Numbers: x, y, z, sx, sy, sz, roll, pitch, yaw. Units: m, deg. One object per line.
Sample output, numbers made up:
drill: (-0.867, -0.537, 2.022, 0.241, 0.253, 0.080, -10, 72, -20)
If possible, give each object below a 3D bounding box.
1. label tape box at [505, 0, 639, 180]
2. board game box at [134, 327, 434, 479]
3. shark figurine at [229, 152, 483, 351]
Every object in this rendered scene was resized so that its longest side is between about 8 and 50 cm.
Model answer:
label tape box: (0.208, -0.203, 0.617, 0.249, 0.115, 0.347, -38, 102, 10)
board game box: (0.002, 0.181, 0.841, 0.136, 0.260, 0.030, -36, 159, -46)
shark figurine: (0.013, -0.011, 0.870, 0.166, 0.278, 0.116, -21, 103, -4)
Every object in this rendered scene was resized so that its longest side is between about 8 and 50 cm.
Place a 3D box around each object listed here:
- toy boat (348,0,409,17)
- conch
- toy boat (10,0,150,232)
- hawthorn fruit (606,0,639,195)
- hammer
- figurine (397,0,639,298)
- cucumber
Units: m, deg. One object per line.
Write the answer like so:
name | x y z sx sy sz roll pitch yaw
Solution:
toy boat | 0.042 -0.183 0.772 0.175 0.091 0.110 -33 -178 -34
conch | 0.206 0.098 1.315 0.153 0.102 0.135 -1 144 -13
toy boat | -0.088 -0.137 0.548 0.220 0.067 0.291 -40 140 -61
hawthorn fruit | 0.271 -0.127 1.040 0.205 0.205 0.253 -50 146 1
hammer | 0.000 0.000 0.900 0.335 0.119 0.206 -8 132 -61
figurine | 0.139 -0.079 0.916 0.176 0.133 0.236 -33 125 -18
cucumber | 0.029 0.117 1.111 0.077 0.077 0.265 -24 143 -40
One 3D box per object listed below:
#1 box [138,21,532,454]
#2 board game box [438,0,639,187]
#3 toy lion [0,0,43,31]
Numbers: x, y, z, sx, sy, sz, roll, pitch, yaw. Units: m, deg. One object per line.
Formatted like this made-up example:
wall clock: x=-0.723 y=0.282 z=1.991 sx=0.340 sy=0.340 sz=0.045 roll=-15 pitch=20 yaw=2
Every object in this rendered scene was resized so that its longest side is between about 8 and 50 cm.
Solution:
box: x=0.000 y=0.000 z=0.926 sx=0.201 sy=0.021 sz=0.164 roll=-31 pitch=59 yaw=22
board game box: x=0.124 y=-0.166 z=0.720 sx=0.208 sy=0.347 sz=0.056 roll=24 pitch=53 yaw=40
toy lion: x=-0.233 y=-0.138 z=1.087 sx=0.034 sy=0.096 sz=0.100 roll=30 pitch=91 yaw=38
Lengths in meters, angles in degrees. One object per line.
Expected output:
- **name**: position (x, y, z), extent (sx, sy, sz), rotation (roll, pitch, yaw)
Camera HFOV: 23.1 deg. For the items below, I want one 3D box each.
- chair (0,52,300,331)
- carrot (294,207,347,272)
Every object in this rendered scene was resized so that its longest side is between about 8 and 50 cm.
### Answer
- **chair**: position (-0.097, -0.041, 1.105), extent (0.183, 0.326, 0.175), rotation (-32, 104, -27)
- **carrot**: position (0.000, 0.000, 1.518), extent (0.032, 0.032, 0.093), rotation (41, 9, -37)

++++++++

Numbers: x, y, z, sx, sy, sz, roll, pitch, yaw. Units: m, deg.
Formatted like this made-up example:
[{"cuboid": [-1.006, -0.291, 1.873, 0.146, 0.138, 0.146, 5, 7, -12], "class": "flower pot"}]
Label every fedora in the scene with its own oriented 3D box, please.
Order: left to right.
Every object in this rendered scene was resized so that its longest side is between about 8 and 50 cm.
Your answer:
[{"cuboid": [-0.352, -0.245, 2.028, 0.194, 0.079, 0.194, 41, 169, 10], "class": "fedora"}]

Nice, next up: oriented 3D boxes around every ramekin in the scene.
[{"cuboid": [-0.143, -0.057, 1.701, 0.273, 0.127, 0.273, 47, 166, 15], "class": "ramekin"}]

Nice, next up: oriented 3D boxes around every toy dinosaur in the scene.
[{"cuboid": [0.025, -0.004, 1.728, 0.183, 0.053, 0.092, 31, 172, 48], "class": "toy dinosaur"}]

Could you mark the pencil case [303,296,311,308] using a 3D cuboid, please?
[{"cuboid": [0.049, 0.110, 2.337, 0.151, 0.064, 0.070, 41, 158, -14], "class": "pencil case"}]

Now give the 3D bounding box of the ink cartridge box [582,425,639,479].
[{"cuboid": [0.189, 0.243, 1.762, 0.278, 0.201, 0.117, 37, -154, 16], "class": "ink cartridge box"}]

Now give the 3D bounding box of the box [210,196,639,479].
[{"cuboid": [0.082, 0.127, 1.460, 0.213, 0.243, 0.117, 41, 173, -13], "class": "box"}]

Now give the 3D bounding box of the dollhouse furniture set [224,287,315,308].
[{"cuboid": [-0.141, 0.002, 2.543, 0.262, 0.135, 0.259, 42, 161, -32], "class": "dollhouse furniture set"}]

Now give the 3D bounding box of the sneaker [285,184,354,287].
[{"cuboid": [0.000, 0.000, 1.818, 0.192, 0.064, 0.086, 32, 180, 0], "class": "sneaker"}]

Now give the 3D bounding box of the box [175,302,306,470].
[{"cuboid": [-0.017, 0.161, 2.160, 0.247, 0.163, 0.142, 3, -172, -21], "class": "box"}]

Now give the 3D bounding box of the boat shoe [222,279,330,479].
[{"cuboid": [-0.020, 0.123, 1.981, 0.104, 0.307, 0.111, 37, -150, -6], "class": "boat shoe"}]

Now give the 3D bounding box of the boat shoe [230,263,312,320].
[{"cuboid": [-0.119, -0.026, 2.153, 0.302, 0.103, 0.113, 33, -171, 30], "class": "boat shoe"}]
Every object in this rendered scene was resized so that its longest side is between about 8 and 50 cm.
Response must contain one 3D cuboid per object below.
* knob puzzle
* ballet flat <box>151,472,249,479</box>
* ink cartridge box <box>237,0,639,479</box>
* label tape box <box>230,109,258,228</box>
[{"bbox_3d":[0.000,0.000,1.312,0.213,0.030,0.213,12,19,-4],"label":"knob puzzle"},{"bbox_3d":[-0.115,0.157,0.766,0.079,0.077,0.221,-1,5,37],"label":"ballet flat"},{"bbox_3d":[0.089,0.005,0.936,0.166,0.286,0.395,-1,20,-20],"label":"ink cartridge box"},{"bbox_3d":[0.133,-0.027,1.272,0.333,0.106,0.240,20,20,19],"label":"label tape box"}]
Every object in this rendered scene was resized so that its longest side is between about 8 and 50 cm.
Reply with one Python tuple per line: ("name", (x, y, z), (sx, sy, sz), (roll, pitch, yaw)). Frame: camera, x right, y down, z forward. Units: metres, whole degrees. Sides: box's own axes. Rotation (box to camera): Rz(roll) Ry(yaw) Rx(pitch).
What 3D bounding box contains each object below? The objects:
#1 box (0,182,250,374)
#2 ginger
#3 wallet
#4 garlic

++++++++

Copy out every line of the listing that includes the string "below".

* [Written response]:
If possible, give each object below a 3D bounding box.
One 3D box per object listed below:
Camera HFOV: 23.1 deg. For the items below, I want one 3D box each.
Response must contain one 3D cuboid per object below.
What 3D bounding box contains each object below? The objects:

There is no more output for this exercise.